The hallmarks of residues associated to FV-deficiency. The figure depicts a comparison of structural, evolutionary and network centrality properties of the FV residues associated to FV-deficiency (n=63), compared to those without FV-deficiency reported (\(n=1254\)). The substitution of residues with low surface-exposed and surface accessible areas (i.e., the core residues), often lead to the loss-of-function of proteins67 (panels A-C). Likewise, mutations of the most central residues, as indicated by multiple centrality measures derived from the FV-RIN, are also related to the occurrence of FV-deficiency (panels D-H). Finally, in agreement with these observations, substitutions of the most conserved residues of FV are also likely to impair the functions of FV (panel I, where low values indicate high conservation). The p-values are derived from a statistical comparison designed to minimize the effect of different group sizes (i.e., the bootstrap hypothesis testing45,46; see Methods). *** p value < 0.001; ** p value < 0.01; * p value < 0.05. Abbreviations: SESA, solvent exposed surface area; SASA: Solvent accessible surface area. Supplementary Tables S2S3 contain all measures used in the study.

Figure 4
figure 4

The FV-Class AI framework. (A) The first and most critical step to use predictive ML algorithms is to prepare a clean, highly informative dataset. We used the structural characteristics of the FV structure15 (PDB: 7KVE), as well as centrality measures derived from the FV residue network, and a score quantifying the evolutionary conservation of its residues.
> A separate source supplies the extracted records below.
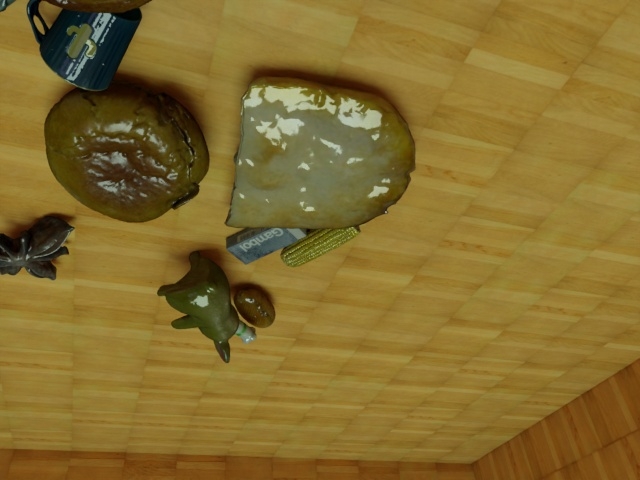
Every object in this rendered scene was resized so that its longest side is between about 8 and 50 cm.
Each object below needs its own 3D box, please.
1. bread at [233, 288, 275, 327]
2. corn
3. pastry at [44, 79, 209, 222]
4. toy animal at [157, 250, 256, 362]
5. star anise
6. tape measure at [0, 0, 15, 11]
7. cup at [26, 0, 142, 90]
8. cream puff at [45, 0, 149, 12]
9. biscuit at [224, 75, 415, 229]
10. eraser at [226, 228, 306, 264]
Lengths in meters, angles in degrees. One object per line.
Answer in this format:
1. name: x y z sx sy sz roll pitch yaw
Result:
1. bread: -0.207 0.208 1.734 0.114 0.077 0.189 0 138 24
2. corn: 0.000 0.000 1.501 0.249 0.081 0.081 -28 136 24
3. pastry: -0.410 -0.181 1.169 0.357 0.163 0.355 -3 143 -2
4. toy animal: -0.322 0.210 1.593 0.181 0.181 0.362 15 140 23
5. star anise: -0.765 0.027 1.426 0.199 0.110 0.257 1 150 -33
6. tape measure: -0.637 -0.409 0.914 0.331 0.084 0.164 -22 136 14
7. cup: -0.418 -0.380 0.965 0.177 0.131 0.155 37 121 -20
8. cream puff: -0.320 -0.482 0.779 0.303 0.212 0.303 -12 146 -8
9. biscuit: -0.003 -0.183 1.260 0.447 0.103 0.429 2 137 -6
10. eraser: -0.150 -0.008 1.499 0.213 0.046 0.092 -25 137 22
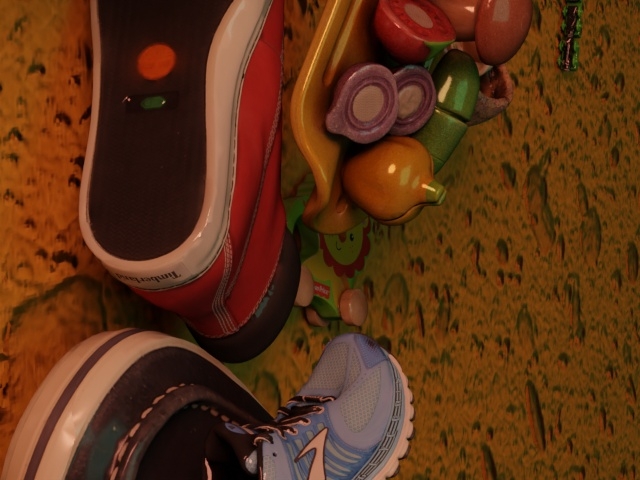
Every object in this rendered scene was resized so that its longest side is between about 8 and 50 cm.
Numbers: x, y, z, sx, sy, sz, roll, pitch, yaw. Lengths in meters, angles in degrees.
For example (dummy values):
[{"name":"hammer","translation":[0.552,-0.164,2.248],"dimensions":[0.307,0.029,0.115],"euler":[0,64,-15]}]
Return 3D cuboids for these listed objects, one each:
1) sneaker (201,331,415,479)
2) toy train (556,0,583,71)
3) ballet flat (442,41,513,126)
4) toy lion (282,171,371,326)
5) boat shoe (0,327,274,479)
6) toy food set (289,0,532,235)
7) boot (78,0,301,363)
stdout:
[{"name":"sneaker","translation":[-0.012,0.095,0.616],"dimensions":[0.073,0.063,0.162],"euler":[48,45,-21]},{"name":"toy train","translation":[0.208,-0.179,1.151],"dimensions":[0.023,0.017,0.083],"euler":[17,79,-67]},{"name":"ballet flat","translation":[0.066,-0.215,0.839],"dimensions":[0.107,0.106,0.316],"euler":[-42,127,-48]},{"name":"toy lion","translation":[0.000,0.000,0.834],"dimensions":[0.100,0.034,0.096],"euler":[23,67,-56]},{"name":"boat shoe","translation":[0.004,0.229,0.749],"dimensions":[0.187,0.156,0.500],"euler":[-59,137,-34]},{"name":"toy food set","translation":[0.058,-0.099,0.722],"dimensions":[0.128,0.071,0.218],"euler":[26,83,-61]},{"name":"boot","translation":[-0.048,-0.069,0.715],"dimensions":[0.176,0.088,0.244],"euler":[55,39,-65]}]
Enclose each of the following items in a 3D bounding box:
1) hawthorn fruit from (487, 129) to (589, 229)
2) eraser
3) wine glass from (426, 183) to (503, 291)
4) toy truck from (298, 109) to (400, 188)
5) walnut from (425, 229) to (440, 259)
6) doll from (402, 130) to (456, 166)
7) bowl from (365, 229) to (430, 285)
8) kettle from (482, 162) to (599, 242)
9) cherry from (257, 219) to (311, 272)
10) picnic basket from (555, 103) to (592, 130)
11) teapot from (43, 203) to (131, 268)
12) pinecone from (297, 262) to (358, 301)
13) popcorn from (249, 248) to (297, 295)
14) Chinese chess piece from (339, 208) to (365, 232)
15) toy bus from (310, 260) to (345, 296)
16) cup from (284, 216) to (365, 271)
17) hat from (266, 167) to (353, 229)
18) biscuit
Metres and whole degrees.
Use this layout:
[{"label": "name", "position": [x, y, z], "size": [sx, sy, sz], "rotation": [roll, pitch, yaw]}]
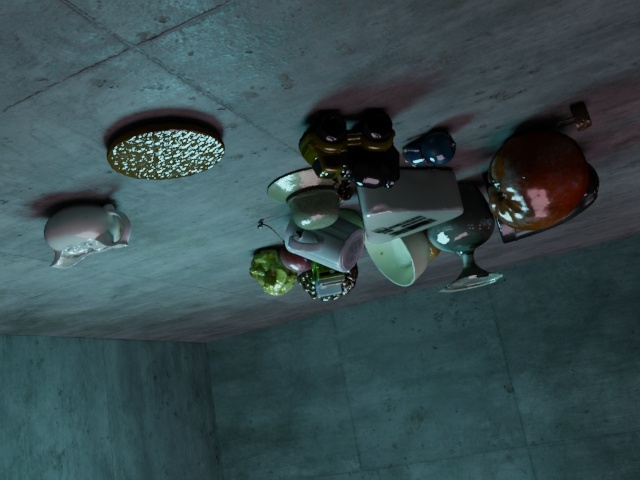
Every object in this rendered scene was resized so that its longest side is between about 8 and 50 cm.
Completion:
[{"label": "hawthorn fruit", "position": [0.587, -0.163, 1.727], "size": [0.284, 0.284, 0.284], "rotation": [-10, 165, -3]}, {"label": "eraser", "position": [0.227, -0.099, 1.934], "size": [0.331, 0.150, 0.331], "rotation": [-9, 166, -2]}, {"label": "wine glass", "position": [0.464, -0.010, 2.078], "size": [0.238, 0.323, 0.238], "rotation": [-8, 164, -2]}, {"label": "toy truck", "position": [0.069, -0.195, 1.450], "size": [0.224, 0.165, 0.147], "rotation": [-4, 164, -21]}, {"label": "walnut", "position": [0.382, -0.006, 2.344], "size": [0.144, 0.180, 0.144], "rotation": [-23, -156, 11]}, {"label": "doll", "position": [0.286, -0.232, 1.631], "size": [0.114, 0.085, 0.152], "rotation": [17, 161, -37]}, {"label": "bowl", "position": [0.282, 0.009, 2.197], "size": [0.145, 0.277, 0.277], "rotation": [-29, 172, -23]}, {"label": "kettle", "position": [0.700, -0.153, 1.992], "size": [0.324, 0.228, 0.321], "rotation": [-18, -170, 15]}, {"label": "cherry", "position": [-0.117, 0.020, 2.075], "size": [0.090, 0.225, 0.107], "rotation": [-45, 174, -2]}, {"label": "picnic basket", "position": [0.645, -0.306, 1.620], "size": [0.083, 0.072, 0.072], "rotation": [-18, 163, 24]}, {"label": "teapot", "position": [-0.619, -0.017, 1.686], "size": [0.298, 0.139, 0.204], "rotation": [-20, 160, 32]}, {"label": "pinecone", "position": [0.041, 0.127, 2.505], "size": [0.224, 0.224, 0.272], "rotation": [-20, 176, 31]}, {"label": "popcorn", "position": [-0.176, 0.120, 2.401], "size": [0.187, 0.185, 0.167], "rotation": [16, 133, -41]}, {"label": "Chinese chess piece", "position": [0.028, -0.022, 2.168], "size": [0.250, 0.101, 0.250], "rotation": [-9, 165, -2]}, {"label": "toy bus", "position": [0.024, 0.120, 2.232], "size": [0.113, 0.139, 0.302], "rotation": [-11, 173, -4]}, {"label": "cup", "position": [0.003, 0.010, 1.920], "size": [0.202, 0.221, 0.167], "rotation": [24, 141, 27]}, {"label": "hat", "position": [-0.019, -0.100, 1.802], "size": [0.257, 0.130, 0.257], "rotation": [-10, 165, -3]}, {"label": "biscuit", "position": [-0.342, -0.198, 1.407], "size": [0.262, 0.037, 0.262], "rotation": [-10, 165, -3]}]
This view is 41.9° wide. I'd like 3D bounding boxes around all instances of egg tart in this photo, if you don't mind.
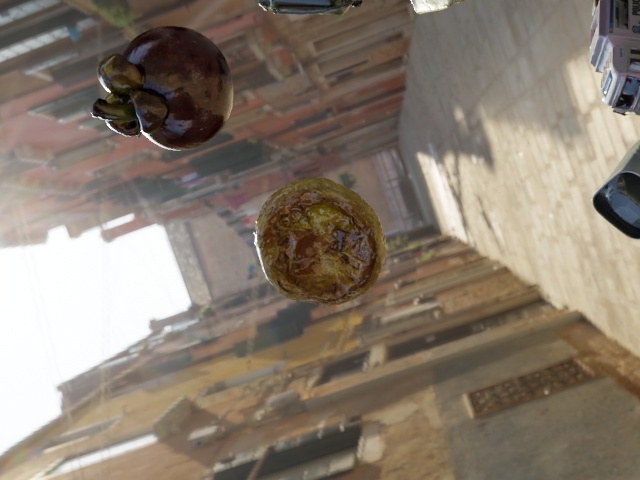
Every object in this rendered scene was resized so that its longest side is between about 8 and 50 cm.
[{"bbox_3d":[0.000,0.000,1.785,0.115,0.290,0.290,-72,-37,-71],"label":"egg tart"}]

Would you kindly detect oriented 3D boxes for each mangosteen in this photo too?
[{"bbox_3d":[-0.275,-0.256,1.424,0.215,0.257,0.215,20,118,44],"label":"mangosteen"}]

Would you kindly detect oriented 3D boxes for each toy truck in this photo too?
[{"bbox_3d":[0.588,-0.360,1.572,0.124,0.155,0.268,89,-166,-53],"label":"toy truck"}]

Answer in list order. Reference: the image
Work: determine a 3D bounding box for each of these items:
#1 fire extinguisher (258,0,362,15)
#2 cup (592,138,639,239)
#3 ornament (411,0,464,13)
[{"bbox_3d":[-0.006,-0.560,1.910,0.118,0.294,0.093,-53,-40,-30],"label":"fire extinguisher"},{"bbox_3d":[0.460,-0.087,1.157,0.095,0.129,0.128,39,143,5],"label":"cup"},{"bbox_3d":[0.212,-0.519,1.654,0.201,0.059,0.180,55,156,28],"label":"ornament"}]
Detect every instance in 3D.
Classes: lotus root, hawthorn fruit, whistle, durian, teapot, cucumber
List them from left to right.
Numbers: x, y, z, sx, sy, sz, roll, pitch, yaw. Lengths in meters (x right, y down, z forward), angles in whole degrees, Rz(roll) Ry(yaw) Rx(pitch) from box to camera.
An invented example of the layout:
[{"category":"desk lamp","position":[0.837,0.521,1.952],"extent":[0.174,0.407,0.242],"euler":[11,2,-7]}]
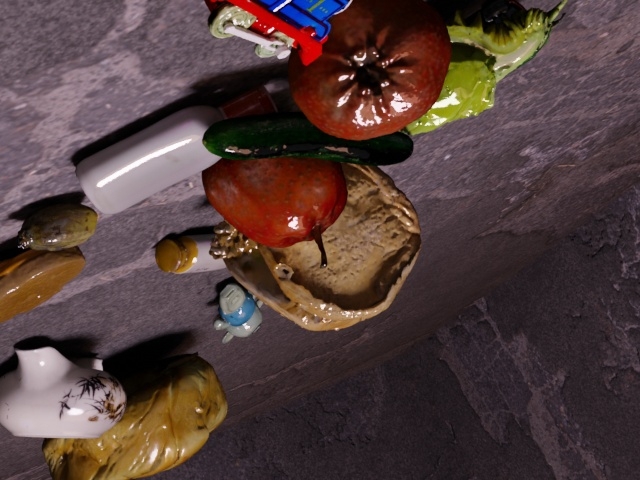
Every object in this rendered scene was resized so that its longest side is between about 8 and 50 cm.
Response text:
[{"category":"lotus root","position":[-0.294,-0.015,1.161],"extent":[0.099,0.049,0.054],"euler":[-18,171,-38]},{"category":"teapot","position":[-0.416,0.245,1.686],"extent":[0.208,0.166,0.299],"euler":[-12,176,4]},{"category":"whistle","position":[-0.147,0.126,1.890],"extent":[0.114,0.077,0.236],"euler":[-45,166,-12]},{"category":"hawthorn fruit","position":[-0.041,-0.052,1.218],"extent":[0.157,0.194,0.157],"euler":[-33,168,-8]},{"category":"cucumber","position":[-0.002,-0.110,1.138],"extent":[0.284,0.056,0.056],"euler":[-1,152,-36]},{"category":"hawthorn fruit","position":[0.046,-0.179,1.090],"extent":[0.165,0.165,0.285],"euler":[-29,-178,1]},{"category":"durian","position":[0.135,-0.197,1.209],"extent":[0.375,0.132,0.106],"euler":[-23,-173,18]}]

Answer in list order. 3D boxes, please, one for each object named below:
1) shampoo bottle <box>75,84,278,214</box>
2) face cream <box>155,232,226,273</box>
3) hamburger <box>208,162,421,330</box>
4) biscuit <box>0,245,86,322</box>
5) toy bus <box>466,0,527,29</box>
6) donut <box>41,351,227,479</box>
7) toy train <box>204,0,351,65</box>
[{"category":"shampoo bottle","position":[-0.151,-0.101,1.127],"extent":[0.221,0.051,0.108],"euler":[-27,161,-3]},{"category":"face cream","position":[-0.164,0.018,1.518],"extent":[0.072,0.051,0.182],"euler":[-32,165,29]},{"category":"hamburger","position":[0.000,0.000,1.389],"extent":[0.286,0.243,0.146],"euler":[-5,159,-23]},{"category":"biscuit","position":[-0.364,0.048,1.262],"extent":[0.170,0.050,0.170],"euler":[-31,174,-4]},{"category":"toy bus","position":[0.180,-0.217,1.298],"extent":[0.195,0.081,0.089],"euler":[-32,175,14]},{"category":"donut","position":[-0.345,0.343,1.933],"extent":[0.360,0.170,0.360],"euler":[-24,-173,3]},{"category":"toy train","position":[-0.035,-0.222,0.868],"extent":[0.131,0.083,0.204],"euler":[-35,165,16]}]
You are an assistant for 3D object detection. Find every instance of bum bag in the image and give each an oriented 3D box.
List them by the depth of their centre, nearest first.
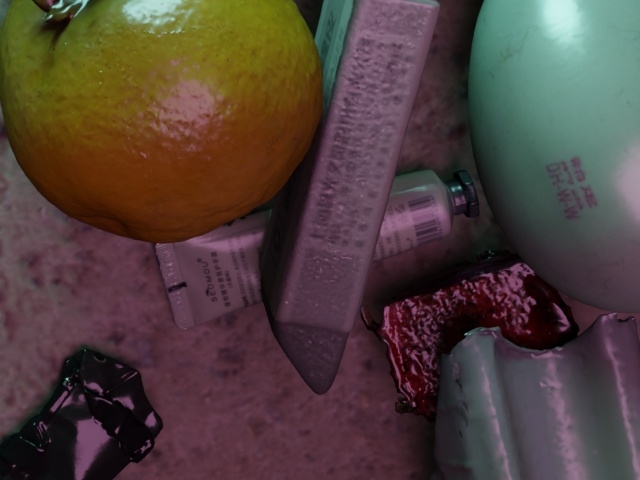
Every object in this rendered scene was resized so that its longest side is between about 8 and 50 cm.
[{"bbox_3d":[-0.193,0.171,1.171,0.087,0.049,0.197,38,96,-22],"label":"bum bag"}]

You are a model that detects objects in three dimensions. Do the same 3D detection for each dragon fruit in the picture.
[{"bbox_3d":[0.112,0.060,1.213,0.147,0.096,0.102,-22,102,8],"label":"dragon fruit"}]

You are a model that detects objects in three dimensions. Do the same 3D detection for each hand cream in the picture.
[{"bbox_3d":[0.000,0.000,1.172,0.234,0.050,0.080,-17,120,-7],"label":"hand cream"}]

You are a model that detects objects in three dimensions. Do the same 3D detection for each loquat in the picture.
[{"bbox_3d":[-0.101,-0.101,1.007,0.208,0.208,0.208,-7,113,-16],"label":"loquat"}]

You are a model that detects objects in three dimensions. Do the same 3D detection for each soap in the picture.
[{"bbox_3d":[0.162,0.203,1.250,0.159,0.258,0.302,-11,90,-11],"label":"soap"}]

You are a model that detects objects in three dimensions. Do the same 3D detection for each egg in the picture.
[{"bbox_3d":[0.194,-0.078,1.120,0.183,0.183,0.264,-20,91,-10],"label":"egg"}]

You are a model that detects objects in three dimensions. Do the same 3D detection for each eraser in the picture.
[{"bbox_3d":[0.016,-0.064,1.074,0.061,0.089,0.352,8,113,-15],"label":"eraser"}]

In this dataset, we had 63 unique instances representing single-point mutations of FV-deficient patients and \({\sim }\)1250 residues where no FV-deficiency was reported (Supplementary Table S4). After careful curation and standardization, this dataset was ready to be inputted into multiple ML classifier algorithms. (B) We performed a comprehensive parameter optimization to find the best settings for the FV-Class; this yielded AUC values that demonstrate a favorable learning prospect for all algorithms (Methods). In particular, the Support Vector Machine (SVM) obtained the highest value. (C–D) Here, each dot is a residue of the FV protein, and the boxplots depict the number of ML classifiers that predicted a loss-of-function if those residues are mutated; for instance, in red are the residues predicted to be safe to substitute, and in magenta, those that will most likely impair FV’s functions (in general, the most conserved residues, buried at the core of the structure). Abbreviations: DT: Decision trees32; KNN: K-nearest neighbors36; RF: Random forest36; XGB: XGBoost34.